Hanson, a high school math teacher in Polk County, has enrolled in three FA clinical trials at USF since 2007. “I see you (scientists and clinicians) as the generals, and we’re the soldiers on the battlefield,” she said. “Somebody has to do it, and when that cure does come I really want to be the first in line to know.”

In his concluding remarks, USF Health’s Dr. Gooch recognized the courage and dedication of patients and their families that continues to inspire the FA community.

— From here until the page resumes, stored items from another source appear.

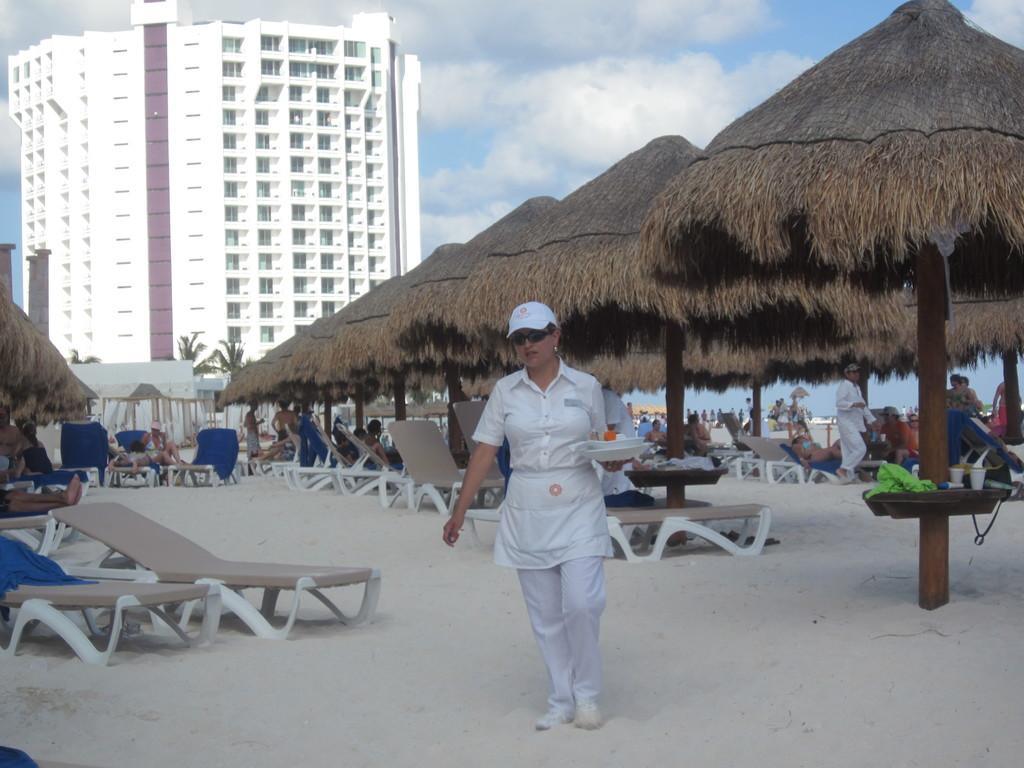Can you describe this image briefly? In this image we can see a woman on the sandy land. She is wearing white color dress and holding balls in her hand. Behind her, we can see beds, people and grass umbrellas. We can see one white color building with glass windows and the sky is covered with clouds. 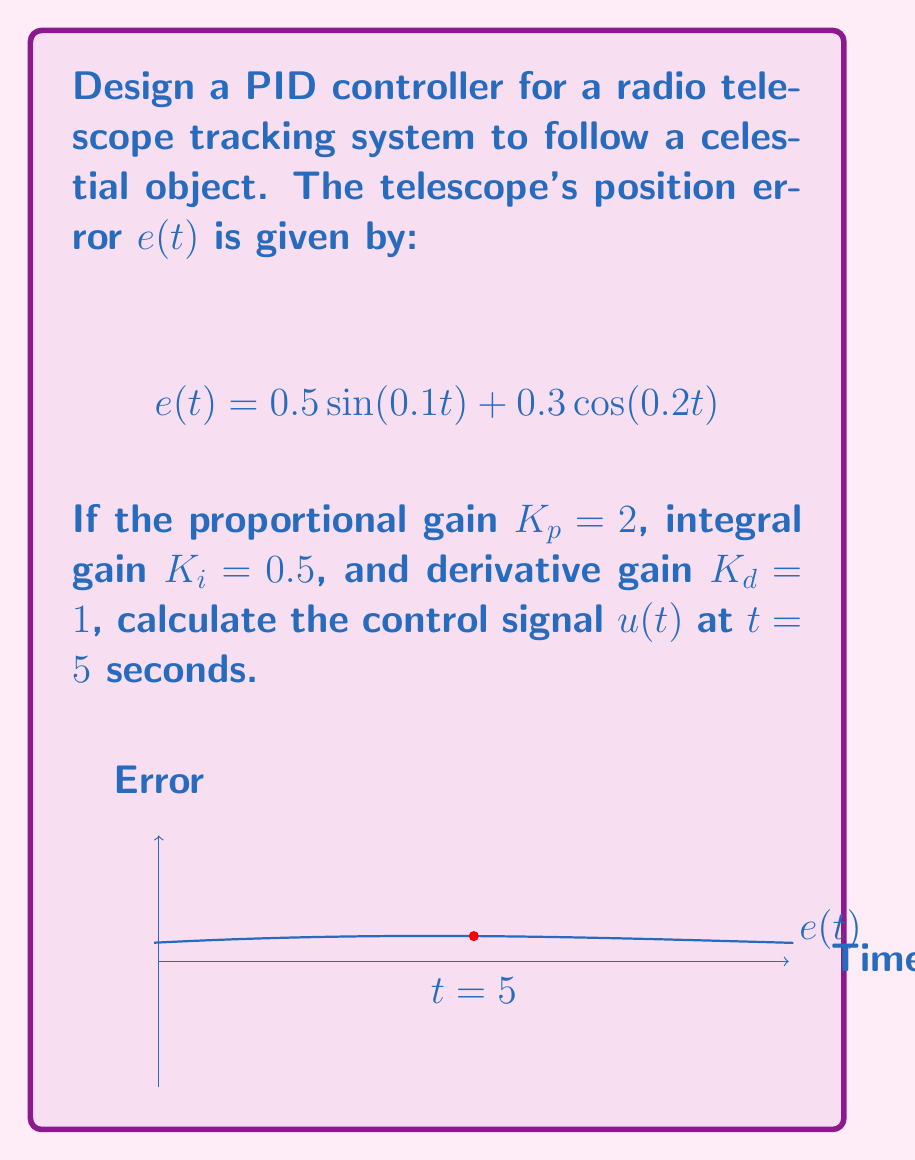Help me with this question. To solve this problem, we'll follow these steps:

1) Recall the PID controller equation:
   $$u(t) = K_p e(t) + K_i \int_0^t e(\tau) d\tau + K_d \frac{de(t)}{dt}$$

2) Calculate $e(t)$ at $t = 5$:
   $$e(5) = 0.5\sin(0.5) + 0.3\cos(1) = 0.2419 + 0.2225 = 0.4644$$

3) Calculate $\int_0^t e(\tau) d\tau$ at $t = 5$:
   $$\int_0^5 e(\tau) d\tau = \int_0^5 (0.5\sin(0.1\tau) + 0.3\cos(0.2\tau)) d\tau$$
   $$= -5\cos(0.1\tau)|_0^5 + 1.5\sin(0.2\tau)|_0^5$$
   $$= -5(\cos(0.5) - 1) + 1.5(\sin(1) - 0) = 0.4796 + 1.2647 = 1.7443$$

4) Calculate $\frac{de(t)}{dt}$ at $t = 5$:
   $$\frac{de(t)}{dt} = 0.05\cos(0.1t) - 0.06\sin(0.2t)$$
   $$\frac{de(5)}{dt} = 0.05\cos(0.5) - 0.06\sin(1) = 0.0429 - 0.0569 = -0.0140$$

5) Substitute these values into the PID controller equation:
   $$u(5) = 2(0.4644) + 0.5(1.7443) + 1(-0.0140)$$
   $$u(5) = 0.9288 + 0.8722 - 0.0140 = 1.7870$$
Answer: $1.7870$ 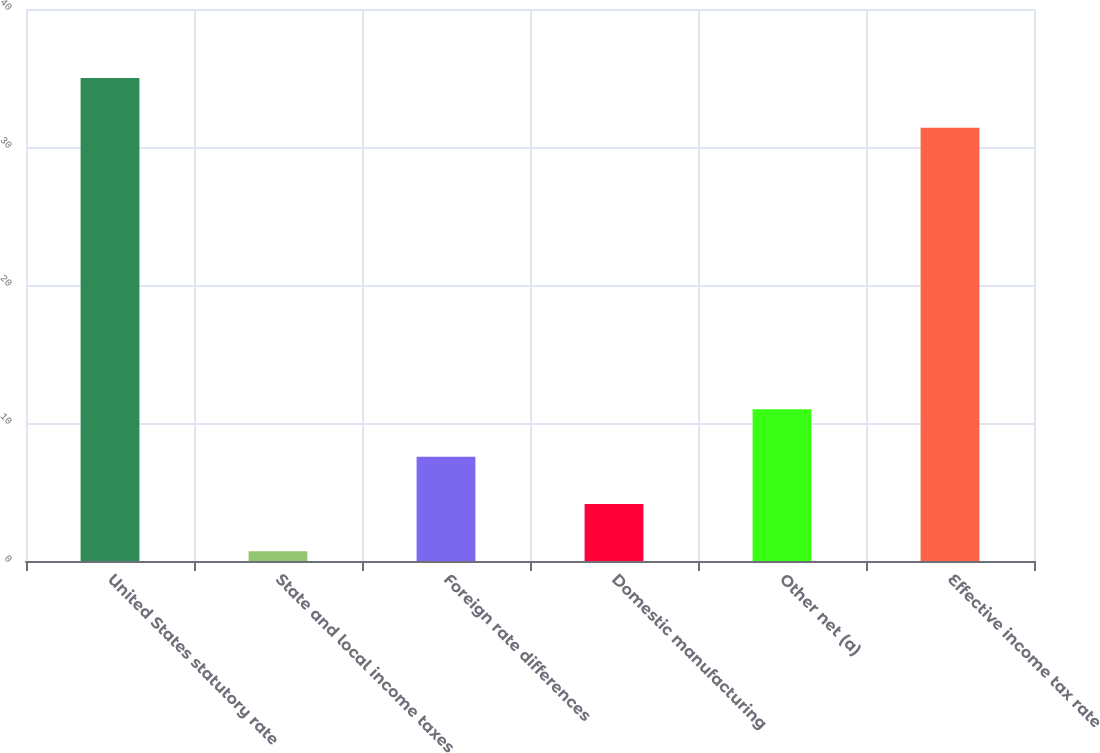Convert chart to OTSL. <chart><loc_0><loc_0><loc_500><loc_500><bar_chart><fcel>United States statutory rate<fcel>State and local income taxes<fcel>Foreign rate differences<fcel>Domestic manufacturing<fcel>Other net (a)<fcel>Effective income tax rate<nl><fcel>35<fcel>0.7<fcel>7.56<fcel>4.13<fcel>10.99<fcel>31.4<nl></chart> 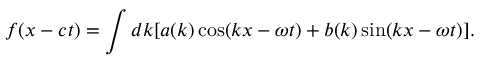<formula> <loc_0><loc_0><loc_500><loc_500>f ( x - c t ) = \int d k [ a ( k ) \cos ( k x - \omega t ) + b ( k ) \sin ( k x - \omega t ) ] .</formula>

In his concluding remarks, USF Health’s Dr. Gooch reminded the audience of the great strides over the last decade to advance the understanding of Friedreich’s ataxia and develop potential treatments. He pointed to growing interest by pharmaceutical companies to be involved in drug development for Friedreich’s ataxia, which is relatively new and encouraging within rare diseases. He recognized the courage and dedication of patients and their families that continues to inspire the FA community.

“The race has started and we’re at the head of the pack,” Dr. Gooch said of the work being done to find a first treatment for Friedreich’s ataxia.

“The important thing is to make life better for those in the race and improve the lot of humanity, not just now, but for future generations … Tremendous progress is being made. We have a chance to beat FA into the ground and hopefully someday leave it in the dust.”

The FARA Energy Ball on Sept. 6, one of most successful philanthropic events in Tampa, attracted almost 900 attendees and raised nearly $2 million to benefit FARA, and Friedriech’s ataxia research internationally, including at the USF Ataxia Research Center.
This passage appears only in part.